I want very much to take the entrepreneurial route again — I loved it, it fed my desire for challenges, it provided me a way to pursue my passion and it opened my eyes to all kinds of perspectives I didn’t have before. But, as Robert Herjavec of TV’s Dragon’s Den fame will tell you, it’s not for the faint of heart. In addition to having the drive, you need to be at ease with taking risks, willing to make tough decisions, put in all kinds of time and effort when needed, and stay focused.

I recently read Herjavec’s book Driven: How to Succeed in Business and in Life. As with many self-made successful entrepreneurs, he learned some very valuable (and sometimes tough) lessons throughout his life, starting when he was a 12-year-old immigrant from Croatia, to enjoying the life he has built for himself and his family and growing more businesses.

One thing his wealth has been able to do is satisfy his craving for fast cars. Herjavec raced his Ferrari in the Formula Vee (a class of racing for young and older non-professional drivers). In his book, he draws a compelling analogy between focus in business and focus on the racetrack:

Competitive racing teaches you one thing above all, and that’s the complex power of your mind. When it comes to survival instincts, the mind proves more powerful than the body. Here’s an example: you enter a corner at two hundred kilometres an hour and the car begins to spin. Ahead of you, as the car slides along the track, is a wall. You don’t want to hit the wall for a dozen reasons, ranging from losing the race to potentially losing your life. The normal human reaction is to look at the wall; the wall is a threat to be avoided at all costs. In racing, you are taught never to look at the wall, because if you do you will surely hit it, no matter how hard you try to avoid it. That’s because during the few milliseconds it takes to absorb the message – Omigod, I’m going to hit the wall! – your hands will freeze on the steering wheel.

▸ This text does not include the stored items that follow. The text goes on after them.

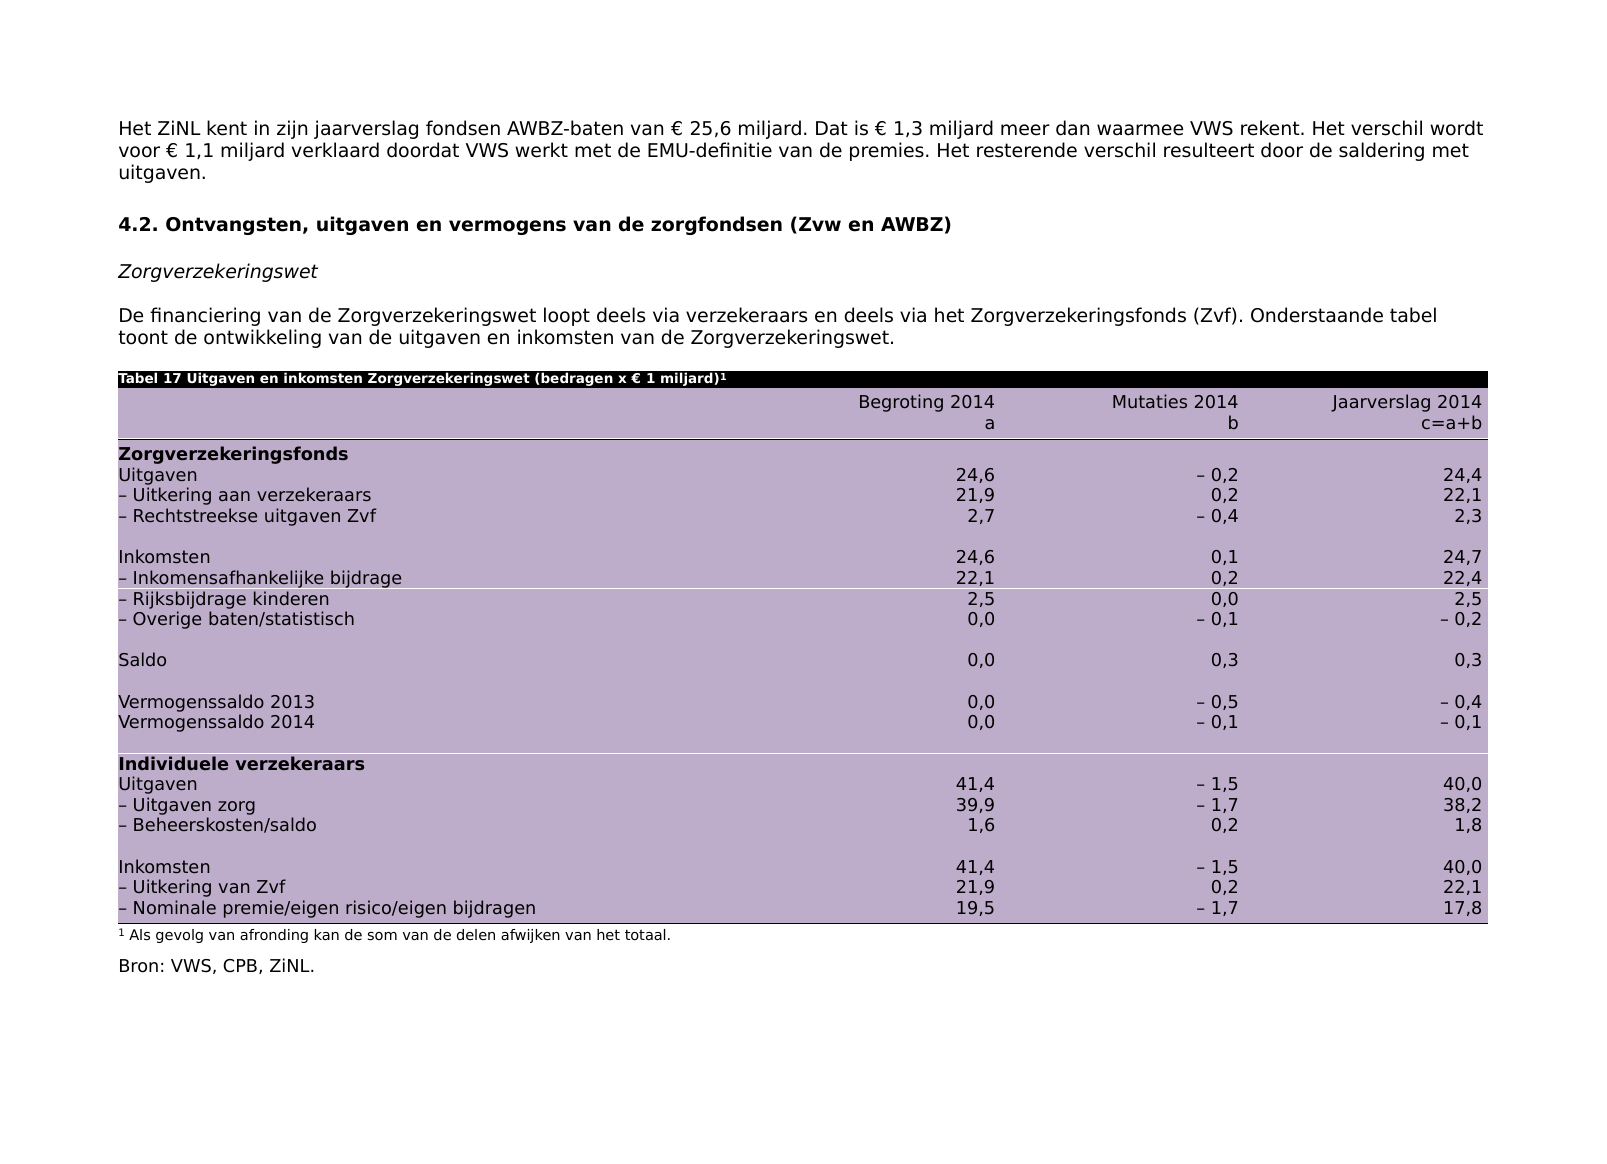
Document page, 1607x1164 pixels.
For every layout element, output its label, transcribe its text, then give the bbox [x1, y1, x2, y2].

table_cell 22,1 [758, 568, 1001, 588]
table_cell 0,1 [1001, 547, 1244, 568]
table_cell [118, 836, 757, 857]
table_cell Individuele verzekeraars [118, 754, 757, 774]
table_cell Uitgaven [118, 465, 757, 485]
table_cell – 1,5 [1001, 857, 1244, 877]
table_cell – 1,5 [1001, 774, 1244, 795]
table_cell 0,2 [1001, 815, 1244, 836]
table_cell [1001, 671, 1244, 692]
table_cell – Overige baten/statistisch [118, 609, 757, 630]
table_cell – 0,2 [1001, 465, 1244, 485]
table_cell Vermogenssaldo 2014 [118, 712, 757, 733]
table_cell 21,9 [758, 485, 1001, 506]
text De financiering van de Zorgverzekeringswet loopt deels via verzekeraars en deels via het Zorgverzekeringsfonds (Zvf). Onderstaande tabel toont de ontwikkeling van de uitgaven en inkomsten van de Zorgverzekeringswet. [118, 305, 1488, 349]
table_cell [758, 440, 1001, 465]
table_cell 17,8 [1245, 898, 1488, 923]
table_cell 39,9 [758, 795, 1001, 815]
table_cell 1,8 [1245, 815, 1488, 836]
table_cell [118, 388, 757, 413]
table_cell Mutaties 2014 [1001, 388, 1244, 413]
table_cell 2,3 [1245, 506, 1488, 527]
table_cell [758, 754, 1001, 774]
table_cell 24,4 [1245, 465, 1488, 485]
table_cell [1001, 754, 1244, 774]
table_cell – Uitkering van Zvf [118, 877, 757, 898]
table_cell [118, 527, 757, 547]
table_cell – 1,7 [1001, 795, 1244, 815]
table_cell 24,6 [758, 547, 1001, 568]
table_cell – Nominale premie/eigen risico/eigen bijdragen [118, 898, 757, 923]
table_cell [1001, 836, 1244, 857]
table_cell [1001, 733, 1244, 753]
table_cell 0,2 [1001, 877, 1244, 898]
table_cell [118, 630, 757, 650]
table_cell 1 Als gevolg van afronding kan de som van de delen afwijken van het totaal. Bron: VWS, CPB, ZiNL. [118, 924, 1488, 976]
table_cell [118, 733, 757, 753]
table_cell [1001, 440, 1244, 465]
table_cell c=a+b [1245, 413, 1488, 438]
table_cell 2,5 [758, 589, 1001, 609]
table_cell 0,3 [1001, 650, 1244, 671]
table_cell – 0,2 [1245, 609, 1488, 630]
table_header Tabel 17 Uitgaven en inkomsten Zorgverzekeringswet (bedragen x € 1 miljard)1 [118, 371, 1488, 387]
table_cell – 0,5 [1001, 692, 1244, 712]
table_cell [1001, 630, 1244, 650]
table_cell [758, 671, 1001, 692]
table_cell – Inkomensafhankelijke bijdrage [118, 568, 757, 588]
table_cell [1001, 527, 1244, 547]
table_cell – Beheerskosten/saldo [118, 815, 757, 836]
table_cell [1245, 836, 1488, 857]
table_cell – 0,1 [1001, 712, 1244, 733]
table_cell 0,2 [1001, 568, 1244, 588]
subtitle Zorgverzekeringswet [118, 261, 1488, 283]
table_cell [1245, 733, 1488, 753]
table_cell 0,0 [758, 609, 1001, 630]
table_cell [758, 836, 1001, 857]
table_cell – 0,4 [1245, 692, 1488, 712]
table_cell a [758, 413, 1001, 438]
table_cell Inkomsten [118, 857, 757, 877]
table_cell 0,0 [758, 650, 1001, 671]
table_cell [1245, 754, 1488, 774]
table_cell [1245, 671, 1488, 692]
table_cell – 0,4 [1001, 506, 1244, 527]
table_cell [758, 527, 1001, 547]
table_cell 38,2 [1245, 795, 1488, 815]
table_cell Vermogenssaldo 2013 [118, 692, 757, 712]
table_cell [758, 630, 1001, 650]
table_cell 0,2 [1001, 485, 1244, 506]
table_cell 40,0 [1245, 857, 1488, 877]
table_cell [758, 733, 1001, 753]
table_cell [118, 413, 757, 438]
table_cell 40,0 [1245, 774, 1488, 795]
table_cell 41,4 [758, 857, 1001, 877]
table_cell 0,0 [758, 712, 1001, 733]
table_cell 22,1 [1245, 485, 1488, 506]
subtitle 4.2. Ontvangsten, uitgaven en vermogens van de zorgfondsen (Zvw en AWBZ) [118, 214, 1488, 236]
table_cell Begroting 2014 [758, 388, 1001, 413]
table_cell 0,0 [758, 692, 1001, 712]
table_cell – Uitgaven zorg [118, 795, 757, 815]
table_cell – 1,7 [1001, 898, 1244, 923]
table_cell [1245, 527, 1488, 547]
table_cell – Rijksbijdrage kinderen [118, 589, 757, 609]
table_cell 2,7 [758, 506, 1001, 527]
table_cell [118, 671, 757, 692]
table_cell [1245, 630, 1488, 650]
table_cell 19,5 [758, 898, 1001, 923]
table_cell – 0,1 [1001, 609, 1244, 630]
table_cell b [1001, 413, 1244, 438]
table_cell 2,5 [1245, 589, 1488, 609]
table_cell – Uitkering aan verzekeraars [118, 485, 757, 506]
table_cell Saldo [118, 650, 757, 671]
table_cell 22,4 [1245, 568, 1488, 588]
table_cell 24,6 [758, 465, 1001, 485]
table_cell – 0,1 [1245, 712, 1488, 733]
table_cell 1,6 [758, 815, 1001, 836]
text Het ZiNL kent in zijn jaarverslag fondsen AWBZ-baten van € 25,6 miljard. Dat is € 1,3 miljard meer dan waarmee VWS rekent. Het verschil wordt voor € 1,1 miljard verklaard doordat VWS werkt met de EMU-definitie van de premies. Het resterende verschil resulteert door de saldering met uitgaven. [118, 118, 1488, 184]
table_cell 41,4 [758, 774, 1001, 795]
table_cell Jaarverslag 2014 [1245, 388, 1488, 413]
table_cell [1245, 440, 1488, 465]
table_cell 24,7 [1245, 547, 1488, 568]
table_cell Zorgverzekeringsfonds [118, 440, 757, 465]
table_cell Inkomsten [118, 547, 757, 568]
table_cell 0,0 [1001, 589, 1244, 609]
table_cell Uitgaven [118, 774, 757, 795]
table_cell 22,1 [1245, 877, 1488, 898]
table_cell 21,9 [758, 877, 1001, 898]
table_cell – Rechtstreekse uitgaven Zvf [118, 506, 757, 527]
table_cell 0,3 [1245, 650, 1488, 671]

Experienced drivers learn to avoid looking at the wall and fix their eyes instead on where they want to go, which is down the track ahead of them. In other words, you train your mind on where you want to go and not where you appear to be going. This sounds to me like a pretty good analogy for doing business in a competitive climate – look away from the danger and towards the opportunity. Or, if you prefer, keep your eye on your objective and avoid staring at the wall.

I read this passage a few times and realized that I’ve been staring at the wall with fear, worrying about crashing, instead of focusing on the road ahead. I have an arsenal of experience and expertise, I’ve run a consulting business before, and I’m told I’m pretty smart. So why am I letting worries, fears and silly reasons keep me from succeeding?

I’m focusing on the road ahead where I can do what I love, brake when I need to, take the curves as they come, and when I’m ready, open up and go full throttle towards the finish line.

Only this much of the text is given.